Turning to FIG. 2B, in step 2, API server 200 can initially process the API request by determining which datasets are available for use in generating an analysis of the student. For example, using a session ID defined in the API request, API server 200 could determine which school the student attends and could then query an account dataset 301 (e.g., using a school/organization ID) to determine which datasets educational system 10 maintains for the school (or has access to via another educational system 10a). For example, as part of step 2, API server 200 could determine that the school that the student attends uses educational system 10 to obtain self-reported emotions from its students, to implement a rewards system, to engage with parents, to provide structured assignments, to provide a virtual environment, and to track educator notes such that an emotion dataset, a rewards dataset, a parental engagement dataset, a structured assignments dataset, a virtual interaction dataset, and an educator notes dataset are available for generating an analysis for students of the school. In cases where any of such datasets are available via another educational system 10a, step 2 could entail obtaining an identification of the other educational system 10a and any information necessary for accessing the other educational system 10a (e.g., identifiers for the student and peers in the other educational system 10a).
Turning to FIG. 2C, in step 3a, API server 200 can build one or more dataset queries using the content of the API request and based on the datasets that are available for analyzing the student. For example, using the identifiers for the student and peers and the defined time period, API server 200 could build one or more queries for retrieving data pertaining to the student and the peers from any or all of emotion dataset 302, rewards dataset 303, parental engagement dataset 304, structured assignment dataset 305, virtual interaction dataset 306, and educator notes dataset 307.
In some embodiments, the data obtained from emotion dataset 302 can include each self-reported emotion made by the student during the specified time period and each self-reported emotion made by each of the peers during the specified time period. In some embodiments, an emotion can be associated with a score (e.g., on a scale of 1-5 where 1 is most negative and 5 is most positive).
In some embodiments, the data obtained from rewards dataset 303 can include each award issued to and reward purchased by the student during the specified time period and each award issued to and reward purchased by each peer during the specified time period. In some embodiments, the data obtained from rewards dataset 303 (or possibly from another dataset such as account dataset 301) could also include a definition of each award (e.g., a desired behavior that is associated with an award) which can allow API server 200 to determine what the award represents.
In some embodiments, the data obtained from parental engagement dataset 304 can include an identification of each time the student completed or failed to complete the activity associated with a parental engagement that was requested during the specified time period and an identification of each time each peer completed or failed to complete the activity associated with a parental engagement that was requested during the specified time. In some embodiments, the data obtained from parental engagement dataset 304 could be in the form of an identification of whether an award is a parental engagement award. In such cases, the data obtained from parental engagement dataset 304 could be used to determine whether an award included in the data obtained from rewards dataset 303 represents the student's or peer's completion of a parental engagement activity.

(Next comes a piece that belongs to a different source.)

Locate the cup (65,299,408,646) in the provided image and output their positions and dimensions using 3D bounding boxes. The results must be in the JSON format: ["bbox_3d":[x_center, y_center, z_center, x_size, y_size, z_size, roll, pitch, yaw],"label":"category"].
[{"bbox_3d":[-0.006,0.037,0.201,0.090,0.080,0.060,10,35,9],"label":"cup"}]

In some embodiments, the data obtained from structured assignment dataset 305 can include an identification of each structured assignment the student participated in during the specified time period and an identification of each structured assignment each peer participated in during the specified time period.
In some embodiments, the data obtained from virtual interaction dataset 306 can include an identification of each pet-desired award that has been offered to the student's pet(s) and an identification of each pet-desired award that has been offered to each peer's pet(s). In such cases, the data obtained from virtual interaction dataset 306 could be used to determine whether an award included in the data obtained from rewards dataset 303 represents that the student or peer exhibited the desired behavior to obtain the pet-desired award.
In some embodiments, the data obtained from educator notes dataset 307 can include each note an educator has provided for the student and each note an educator has provided for each of the peers. In embodiments where educator notes are selected from predefined options (or flags), the data obtained from educator notes dataset 307 could also include a definition of each defined option.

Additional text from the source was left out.